There is no doubt that, as security professionals, we continually strive to communicate better with the organizations we support. Personally, I realized very early that communications is a skill that sets the effective security professional apart. Whether it is through our use of words, selecting the right and relevant data, or visualizing that data. It is in the last part that I see a lot of opportunity to improve. Through this post, I attempt to share what I have learned over the past 5+ years of focusing on data visualization but at the same time I'd love to invite discussion on this topic. Where have you seen failure? Where have you seen excellence? How can we do better?

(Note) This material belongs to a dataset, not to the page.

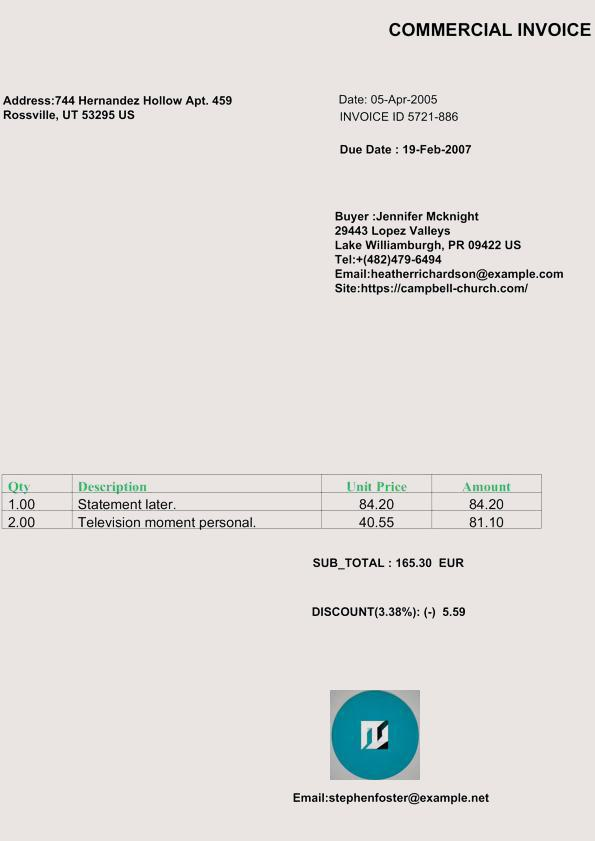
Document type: Invoice

I have structured this post in 4 major topics, each of which I think can be read separately. First, I will discuss metrics in general. Having a good grasp of what metrics are and are not determines whether data visualizations are effective and fit-for-purpose. Second, I delve into tooling. While there are many tools available that support data visualization efforts, not all of them are the same and not all of them are right for you. Understanding their limitations and how to apply them is the second pillar of your data visualization strategy. In the last section, I will discuss the most common pitfalls made in creating data visualizations. It's as much a piece of critique as it is intended to be a checklist for aspiring "visualizators".
Metrics
Metrics, measurements, data models, big data, machine learning, artificial intelligence, ... I shouldn't be surprised that so many either try to jump before they can walk or get stuck in the basics. The reality teaches us that not understanding the basics around metrics will result in failure no matter which path you choose. They're pretty darn important.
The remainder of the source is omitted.